Изменить стиль страницы

Глава 3

Однажды в деревню Ноны — такую маленькую, что у нее не было ни названия, ни рыночной площади, — пришел жонглер, одетый в грязный и выцветший пестрый наряд, с голодным взглядом. Он пришел один — молодой человек, темные глаза, быстрые руки. За его плечами висел мешок из дерюги с шарами из цветной кожи, дубинками с белыми и черными лентами и грубо сделанными ножами.

— Подходите и смотрите, великий Амондо будет восхищать и удивлять. — Это прозвучало как фраза, принадлежавшая не ему. Он представлялся горстке деревенских, не работавших в поле или в хижине, но, все же, смелых настолько, чтобы стоять на пронизанном ледяным дождем ветру Коридора. Положив между ними широкополую шляпу, ожидавшую знаки благодарности, он достал четыре полосатых палочки и пустил их плясать в воздухе.

Амондо пробыл там три дня, хотя его аудитория иссякла уже после первого часа первого вечера. Печальный факт заключается в том, что жонглирование одного человека, каким бы впечатляющим оно ни было, доставляет не так уж много удовольствия.
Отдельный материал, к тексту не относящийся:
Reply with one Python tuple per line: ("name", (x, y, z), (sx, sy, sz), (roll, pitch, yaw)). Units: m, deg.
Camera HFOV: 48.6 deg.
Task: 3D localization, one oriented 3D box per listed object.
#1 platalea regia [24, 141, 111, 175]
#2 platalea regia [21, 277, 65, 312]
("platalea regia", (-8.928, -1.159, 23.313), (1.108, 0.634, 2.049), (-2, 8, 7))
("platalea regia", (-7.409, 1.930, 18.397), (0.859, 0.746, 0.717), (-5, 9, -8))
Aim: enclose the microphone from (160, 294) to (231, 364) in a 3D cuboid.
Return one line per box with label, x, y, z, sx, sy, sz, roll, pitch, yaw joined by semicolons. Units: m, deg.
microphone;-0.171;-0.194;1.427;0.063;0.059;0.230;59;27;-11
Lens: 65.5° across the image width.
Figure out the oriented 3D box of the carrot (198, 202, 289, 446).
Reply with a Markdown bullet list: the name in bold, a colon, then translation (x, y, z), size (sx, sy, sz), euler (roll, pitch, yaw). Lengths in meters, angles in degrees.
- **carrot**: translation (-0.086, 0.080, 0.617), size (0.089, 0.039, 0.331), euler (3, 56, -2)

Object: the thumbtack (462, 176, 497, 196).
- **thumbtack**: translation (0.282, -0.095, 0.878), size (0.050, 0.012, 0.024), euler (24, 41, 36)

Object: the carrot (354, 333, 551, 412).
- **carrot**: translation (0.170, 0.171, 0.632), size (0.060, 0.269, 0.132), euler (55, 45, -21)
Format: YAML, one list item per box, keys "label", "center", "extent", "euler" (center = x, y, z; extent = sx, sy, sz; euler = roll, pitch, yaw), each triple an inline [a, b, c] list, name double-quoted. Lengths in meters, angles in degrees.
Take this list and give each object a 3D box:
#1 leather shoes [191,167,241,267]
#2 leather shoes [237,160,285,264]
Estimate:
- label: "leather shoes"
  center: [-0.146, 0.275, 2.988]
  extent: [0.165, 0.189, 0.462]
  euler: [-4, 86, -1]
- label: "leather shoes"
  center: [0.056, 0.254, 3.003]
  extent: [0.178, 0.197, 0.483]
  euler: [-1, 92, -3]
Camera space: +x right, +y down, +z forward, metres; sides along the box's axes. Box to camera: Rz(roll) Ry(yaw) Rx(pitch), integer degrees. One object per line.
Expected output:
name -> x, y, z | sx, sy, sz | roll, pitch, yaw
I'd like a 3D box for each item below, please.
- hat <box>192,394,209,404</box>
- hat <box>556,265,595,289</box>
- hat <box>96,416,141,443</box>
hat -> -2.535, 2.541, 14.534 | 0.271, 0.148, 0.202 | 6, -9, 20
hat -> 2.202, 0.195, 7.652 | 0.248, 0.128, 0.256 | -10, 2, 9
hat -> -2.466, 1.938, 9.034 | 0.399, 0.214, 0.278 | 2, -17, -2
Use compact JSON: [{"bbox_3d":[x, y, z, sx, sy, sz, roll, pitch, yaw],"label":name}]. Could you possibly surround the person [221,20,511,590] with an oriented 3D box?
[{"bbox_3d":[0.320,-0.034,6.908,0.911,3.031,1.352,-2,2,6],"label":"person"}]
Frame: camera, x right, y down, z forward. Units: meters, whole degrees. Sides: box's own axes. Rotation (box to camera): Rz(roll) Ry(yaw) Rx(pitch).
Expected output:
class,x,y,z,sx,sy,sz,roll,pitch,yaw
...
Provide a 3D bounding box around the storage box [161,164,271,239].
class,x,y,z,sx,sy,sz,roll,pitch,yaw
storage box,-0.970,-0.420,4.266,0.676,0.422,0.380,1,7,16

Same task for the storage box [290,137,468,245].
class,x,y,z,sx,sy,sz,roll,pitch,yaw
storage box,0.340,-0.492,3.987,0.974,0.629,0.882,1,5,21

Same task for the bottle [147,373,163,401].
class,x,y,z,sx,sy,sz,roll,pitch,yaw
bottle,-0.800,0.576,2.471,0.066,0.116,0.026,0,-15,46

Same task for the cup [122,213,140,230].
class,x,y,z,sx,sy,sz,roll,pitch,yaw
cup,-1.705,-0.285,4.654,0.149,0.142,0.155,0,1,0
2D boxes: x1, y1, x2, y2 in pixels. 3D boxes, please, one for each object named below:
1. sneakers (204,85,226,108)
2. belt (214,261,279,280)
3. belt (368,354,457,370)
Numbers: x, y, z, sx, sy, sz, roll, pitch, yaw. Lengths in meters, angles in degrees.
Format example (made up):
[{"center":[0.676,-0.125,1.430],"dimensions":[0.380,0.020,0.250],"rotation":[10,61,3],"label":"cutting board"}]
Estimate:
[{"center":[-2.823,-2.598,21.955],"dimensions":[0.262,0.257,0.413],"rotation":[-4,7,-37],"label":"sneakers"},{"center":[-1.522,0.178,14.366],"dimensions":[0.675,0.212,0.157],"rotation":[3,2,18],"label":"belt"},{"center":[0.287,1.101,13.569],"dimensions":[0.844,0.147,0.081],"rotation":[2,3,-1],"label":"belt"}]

Но Нона осталась с ним, следя за каждым движением, за каждым ловким изгибом и поворотом. Она осталась даже после того, как свет солнца погас и последние дети ушли. Молча и пристально она смотрела, как жонглер начал укладывать реквизит в мешок.

— Ты очень тихая. — Амондо бросил ей сморщенное яблоко, которое лежало в его шляпе вместе с несколькими образцами получше, двумя булочками, куском твердого козьего сыра и затерявшегося между ними медного полпенни, обрезанного до четвертака.

Нона поднесла яблоко к уху, прислушиваясь к шороху своих пальцев по его морщинам:

— Дети меня не любят.

— Да?

— Да.

Амондо ждал, жонглируя невидимыми шарами.

— Они говорят, что я злая.

Амондо уронил невидимый шар. Он дал упасть остальным и поднял бровь.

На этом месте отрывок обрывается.